CARSON CITY — Democratic lawmakers are proposing Nevada mandate that all health insurance plans cover birth control regardless of religious objections to contraceptives by family-owned businesses — an exemption recently validated by the nation’s highest court.

Two bills introduced in the Legislature would delete state laws that allow employers to exclude birth control pills and devices from their insurance plans if they oppose those treatments on religious grounds. Doing so would force all insurers to cover contraceptives, legislative analysts say.

The U.S. Supreme Court ruled in 2014 that for-profit businesses under the control of just a few people — with no real distinction between the owners and the business — can hold religious views and lawfully choose not to cover employees’ contraceptives.

Democrats are in control of the Nevada Legislature for the first time since the court’s 5-4 decision on former President Barack Obama’s health care law, and they are searching for justification to scrap the exemption entirely, as proposed, or narrow it on the state level.

“It was a federal ruling, so we’re still trying to get an answer to that,” Sen. Julia Ratti, D-Sparks, said of how the change would be lawful in light of the ruling. “I have our legal teams doing some research on it.”

Ratti is one of three main sponsors of the Nevada legislation, along with Assembly Speaker Jason Frierson, D-Las Vegas, and Assemblywoman Teresa Benitez-Thompson, D-Reno. Their bills also aim to increase the medical services that private insurers must provide at no extra charge.

“My goal is to make sure that as many women as possible have access to the health services that they need,” Ratti said.

Nevada would join five other states in allowing doctors to prescribe 12-month supplies of birth control under Senate Bill 233 and Assembly Bill 249. And both bills would require health insurance to cover voluntary sterilization procedures — vasectomies for men and tubal ligation for women.

Additionally, Ratti’s bill would make insurance, including Medicaid, cover prenatal tests; screenings for diabetes, blood pressure abnormalities and depression; all federally recommended vaccinations; and counseling for breastfeeding, domestic violence and sexually transmitted diseases.

Pap smears and mammograms already must be covered under Obama’s health care law. Ratti’s bill would mandate that, should the health law be changed, insurance companies still could not charge for those services. In part, the bill reflects the majority party’s effort to enshrine the Affordable Care Act in state law.

Legislative analysts have not yet published the estimated state costs of SB233 and AB249.

All 38 Democratic lawmakers have signed on to co-sponsor the bills, both of which are scheduled for Monday hearings in their respective houses.

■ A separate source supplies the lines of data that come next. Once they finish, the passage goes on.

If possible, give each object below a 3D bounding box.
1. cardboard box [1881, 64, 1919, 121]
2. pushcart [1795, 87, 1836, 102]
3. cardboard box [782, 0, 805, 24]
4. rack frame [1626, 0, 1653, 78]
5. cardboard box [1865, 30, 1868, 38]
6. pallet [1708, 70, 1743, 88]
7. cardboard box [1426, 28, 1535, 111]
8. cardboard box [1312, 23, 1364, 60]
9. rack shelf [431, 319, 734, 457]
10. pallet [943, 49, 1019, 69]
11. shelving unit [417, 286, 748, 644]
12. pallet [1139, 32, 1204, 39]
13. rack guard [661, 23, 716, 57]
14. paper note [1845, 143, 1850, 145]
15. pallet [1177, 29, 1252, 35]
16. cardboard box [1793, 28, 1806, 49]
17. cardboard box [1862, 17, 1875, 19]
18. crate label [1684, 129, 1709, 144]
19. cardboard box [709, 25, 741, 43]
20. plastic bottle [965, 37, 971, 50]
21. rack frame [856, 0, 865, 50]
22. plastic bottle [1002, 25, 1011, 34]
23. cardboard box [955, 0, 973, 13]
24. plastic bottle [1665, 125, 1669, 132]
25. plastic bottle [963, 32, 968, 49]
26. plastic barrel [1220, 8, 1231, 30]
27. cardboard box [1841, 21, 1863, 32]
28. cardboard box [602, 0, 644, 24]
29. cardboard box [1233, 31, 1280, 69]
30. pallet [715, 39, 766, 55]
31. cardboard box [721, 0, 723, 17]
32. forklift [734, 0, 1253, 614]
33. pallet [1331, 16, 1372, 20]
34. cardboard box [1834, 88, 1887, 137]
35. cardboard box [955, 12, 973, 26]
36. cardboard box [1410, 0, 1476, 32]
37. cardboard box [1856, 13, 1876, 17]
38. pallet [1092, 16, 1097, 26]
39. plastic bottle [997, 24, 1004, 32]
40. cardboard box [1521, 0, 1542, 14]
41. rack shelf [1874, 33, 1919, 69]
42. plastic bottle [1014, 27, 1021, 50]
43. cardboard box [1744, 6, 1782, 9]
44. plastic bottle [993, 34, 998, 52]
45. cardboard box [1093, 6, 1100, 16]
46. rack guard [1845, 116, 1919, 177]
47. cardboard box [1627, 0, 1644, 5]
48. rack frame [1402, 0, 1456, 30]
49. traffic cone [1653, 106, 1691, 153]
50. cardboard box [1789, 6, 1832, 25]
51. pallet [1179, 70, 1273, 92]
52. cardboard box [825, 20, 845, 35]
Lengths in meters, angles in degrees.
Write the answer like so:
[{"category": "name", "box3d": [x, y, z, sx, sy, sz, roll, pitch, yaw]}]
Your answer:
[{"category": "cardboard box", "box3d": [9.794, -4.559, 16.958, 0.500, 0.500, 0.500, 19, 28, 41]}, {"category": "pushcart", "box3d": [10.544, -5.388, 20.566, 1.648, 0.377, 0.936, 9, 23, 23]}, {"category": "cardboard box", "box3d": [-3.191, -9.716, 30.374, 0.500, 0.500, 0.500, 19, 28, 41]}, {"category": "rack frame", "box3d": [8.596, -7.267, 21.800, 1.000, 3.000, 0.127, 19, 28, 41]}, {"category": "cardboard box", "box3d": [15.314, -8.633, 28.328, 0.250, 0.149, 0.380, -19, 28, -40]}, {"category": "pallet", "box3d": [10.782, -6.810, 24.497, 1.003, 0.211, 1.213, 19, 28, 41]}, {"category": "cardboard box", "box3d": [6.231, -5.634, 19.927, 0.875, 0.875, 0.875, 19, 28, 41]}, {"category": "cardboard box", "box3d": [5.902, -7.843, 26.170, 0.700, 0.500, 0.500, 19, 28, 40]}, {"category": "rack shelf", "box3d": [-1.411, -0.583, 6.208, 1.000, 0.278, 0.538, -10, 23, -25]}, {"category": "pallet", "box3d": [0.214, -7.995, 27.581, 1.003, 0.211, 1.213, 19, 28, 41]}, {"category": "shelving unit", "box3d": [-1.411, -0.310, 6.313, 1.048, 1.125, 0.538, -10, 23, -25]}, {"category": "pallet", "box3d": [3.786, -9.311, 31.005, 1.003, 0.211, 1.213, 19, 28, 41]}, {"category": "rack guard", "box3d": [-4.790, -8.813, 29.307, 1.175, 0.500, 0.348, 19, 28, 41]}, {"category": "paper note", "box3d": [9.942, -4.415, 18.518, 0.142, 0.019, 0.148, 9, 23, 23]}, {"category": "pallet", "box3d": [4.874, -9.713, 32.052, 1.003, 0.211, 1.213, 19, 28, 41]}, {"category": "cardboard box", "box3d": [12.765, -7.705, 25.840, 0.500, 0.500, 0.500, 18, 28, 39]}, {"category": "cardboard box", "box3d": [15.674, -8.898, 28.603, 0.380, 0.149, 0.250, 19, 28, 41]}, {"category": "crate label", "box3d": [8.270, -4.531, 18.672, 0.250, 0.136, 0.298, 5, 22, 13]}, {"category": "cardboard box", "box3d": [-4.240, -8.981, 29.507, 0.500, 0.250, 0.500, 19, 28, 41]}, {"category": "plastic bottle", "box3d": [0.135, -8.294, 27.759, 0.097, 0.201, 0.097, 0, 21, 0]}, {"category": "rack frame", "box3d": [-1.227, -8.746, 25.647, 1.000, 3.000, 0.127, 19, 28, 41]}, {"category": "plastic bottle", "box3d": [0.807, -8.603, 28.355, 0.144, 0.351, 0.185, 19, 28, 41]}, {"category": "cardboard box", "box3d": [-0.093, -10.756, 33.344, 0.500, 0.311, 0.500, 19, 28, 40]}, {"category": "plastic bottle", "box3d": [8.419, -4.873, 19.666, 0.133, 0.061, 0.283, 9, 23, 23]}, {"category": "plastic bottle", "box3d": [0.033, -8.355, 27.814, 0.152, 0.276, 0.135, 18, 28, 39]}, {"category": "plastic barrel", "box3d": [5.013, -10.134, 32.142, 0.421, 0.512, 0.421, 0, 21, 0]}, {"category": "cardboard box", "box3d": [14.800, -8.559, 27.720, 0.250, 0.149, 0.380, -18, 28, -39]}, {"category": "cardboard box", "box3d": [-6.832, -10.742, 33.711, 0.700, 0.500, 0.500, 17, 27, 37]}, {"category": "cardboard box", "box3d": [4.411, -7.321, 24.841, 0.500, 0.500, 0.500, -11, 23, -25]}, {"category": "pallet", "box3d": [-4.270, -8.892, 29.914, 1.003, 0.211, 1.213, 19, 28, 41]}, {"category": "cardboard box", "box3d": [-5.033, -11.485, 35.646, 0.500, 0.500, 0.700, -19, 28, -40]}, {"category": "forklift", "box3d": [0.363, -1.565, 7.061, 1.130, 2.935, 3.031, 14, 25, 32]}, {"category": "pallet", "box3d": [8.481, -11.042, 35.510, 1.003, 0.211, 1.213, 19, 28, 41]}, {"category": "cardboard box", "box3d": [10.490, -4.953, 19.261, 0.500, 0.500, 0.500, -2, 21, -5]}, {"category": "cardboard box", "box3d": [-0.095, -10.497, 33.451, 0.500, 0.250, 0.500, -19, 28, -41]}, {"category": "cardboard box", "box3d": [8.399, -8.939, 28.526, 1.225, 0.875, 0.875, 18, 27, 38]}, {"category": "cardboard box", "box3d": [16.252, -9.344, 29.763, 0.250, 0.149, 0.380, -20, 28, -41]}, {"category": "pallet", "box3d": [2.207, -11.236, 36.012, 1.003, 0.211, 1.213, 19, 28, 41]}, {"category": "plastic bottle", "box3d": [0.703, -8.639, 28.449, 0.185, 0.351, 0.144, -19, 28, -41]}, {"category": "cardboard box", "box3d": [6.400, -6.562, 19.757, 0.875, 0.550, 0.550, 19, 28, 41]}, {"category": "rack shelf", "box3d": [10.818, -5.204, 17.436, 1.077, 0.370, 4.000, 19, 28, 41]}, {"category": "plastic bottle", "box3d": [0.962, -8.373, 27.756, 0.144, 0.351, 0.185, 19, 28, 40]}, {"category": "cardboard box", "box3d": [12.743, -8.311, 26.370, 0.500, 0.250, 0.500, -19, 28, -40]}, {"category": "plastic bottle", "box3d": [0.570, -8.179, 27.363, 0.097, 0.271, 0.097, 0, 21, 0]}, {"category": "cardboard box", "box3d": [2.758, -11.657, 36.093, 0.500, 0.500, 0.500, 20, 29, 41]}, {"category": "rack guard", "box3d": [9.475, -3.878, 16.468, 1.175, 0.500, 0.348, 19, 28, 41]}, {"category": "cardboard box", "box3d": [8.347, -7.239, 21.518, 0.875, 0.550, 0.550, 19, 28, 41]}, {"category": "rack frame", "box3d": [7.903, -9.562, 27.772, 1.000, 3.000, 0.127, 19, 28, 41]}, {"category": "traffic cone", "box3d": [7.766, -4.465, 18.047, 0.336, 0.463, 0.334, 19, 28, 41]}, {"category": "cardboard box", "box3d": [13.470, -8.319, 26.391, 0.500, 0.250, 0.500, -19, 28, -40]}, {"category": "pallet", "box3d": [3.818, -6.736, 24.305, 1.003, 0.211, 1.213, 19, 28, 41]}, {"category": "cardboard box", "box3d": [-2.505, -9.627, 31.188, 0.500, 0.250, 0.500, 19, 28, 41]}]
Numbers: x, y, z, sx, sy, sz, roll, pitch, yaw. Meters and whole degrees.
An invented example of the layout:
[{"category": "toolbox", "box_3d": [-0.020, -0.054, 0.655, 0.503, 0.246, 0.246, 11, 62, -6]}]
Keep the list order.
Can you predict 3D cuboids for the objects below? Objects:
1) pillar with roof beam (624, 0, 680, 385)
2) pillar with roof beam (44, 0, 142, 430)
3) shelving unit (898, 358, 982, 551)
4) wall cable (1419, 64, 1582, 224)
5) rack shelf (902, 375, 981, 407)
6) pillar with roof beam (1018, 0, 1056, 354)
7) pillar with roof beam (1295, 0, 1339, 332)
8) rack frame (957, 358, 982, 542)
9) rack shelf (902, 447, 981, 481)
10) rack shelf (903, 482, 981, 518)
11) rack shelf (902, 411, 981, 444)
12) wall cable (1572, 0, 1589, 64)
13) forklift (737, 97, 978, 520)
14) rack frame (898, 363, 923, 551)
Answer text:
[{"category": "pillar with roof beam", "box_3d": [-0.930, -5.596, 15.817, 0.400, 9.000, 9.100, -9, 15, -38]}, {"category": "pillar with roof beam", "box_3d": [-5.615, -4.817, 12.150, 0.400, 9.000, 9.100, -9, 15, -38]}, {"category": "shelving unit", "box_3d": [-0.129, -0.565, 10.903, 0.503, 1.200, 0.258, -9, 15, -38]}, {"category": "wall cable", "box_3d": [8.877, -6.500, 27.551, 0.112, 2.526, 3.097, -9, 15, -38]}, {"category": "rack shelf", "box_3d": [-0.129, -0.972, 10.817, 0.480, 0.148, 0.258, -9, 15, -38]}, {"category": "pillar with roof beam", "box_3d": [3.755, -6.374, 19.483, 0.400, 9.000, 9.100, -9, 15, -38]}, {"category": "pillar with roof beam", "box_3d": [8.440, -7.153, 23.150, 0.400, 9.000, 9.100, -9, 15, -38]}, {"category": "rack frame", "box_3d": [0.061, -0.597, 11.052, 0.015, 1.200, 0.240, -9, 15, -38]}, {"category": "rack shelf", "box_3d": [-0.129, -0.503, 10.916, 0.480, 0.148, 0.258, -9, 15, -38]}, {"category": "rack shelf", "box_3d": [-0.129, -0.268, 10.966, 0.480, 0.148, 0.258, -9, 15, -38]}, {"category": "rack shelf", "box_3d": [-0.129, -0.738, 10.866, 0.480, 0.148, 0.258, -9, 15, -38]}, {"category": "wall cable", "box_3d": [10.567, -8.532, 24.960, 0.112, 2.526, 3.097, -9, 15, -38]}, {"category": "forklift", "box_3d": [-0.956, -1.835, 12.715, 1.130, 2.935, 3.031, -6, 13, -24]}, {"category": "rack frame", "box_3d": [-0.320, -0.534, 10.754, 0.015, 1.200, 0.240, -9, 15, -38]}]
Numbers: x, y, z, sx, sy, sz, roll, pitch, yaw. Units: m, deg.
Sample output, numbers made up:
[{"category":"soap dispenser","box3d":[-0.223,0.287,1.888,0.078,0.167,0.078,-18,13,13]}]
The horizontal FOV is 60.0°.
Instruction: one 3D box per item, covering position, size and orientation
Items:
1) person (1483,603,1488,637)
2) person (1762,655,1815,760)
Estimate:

“This upcoming week, we’re going to continue to roll out some bills that reflect our values and the things and principles that we say we stood for,” Frierson told reporters.

Other bills up for consideration this week include a plan for the state to solicit donations and federal grants to help low-income Nevadans access birth control, STD and pregnancy testing and information on preparing for a baby. The state would distribute that money to local governments or nonprofit organizations like Planned Parenthood to fund contraception and other “family planning” services.

Sen. Yvanna Cancela, D-Las Vegas, will present Senate Bill 122 at a hearing Wednesday.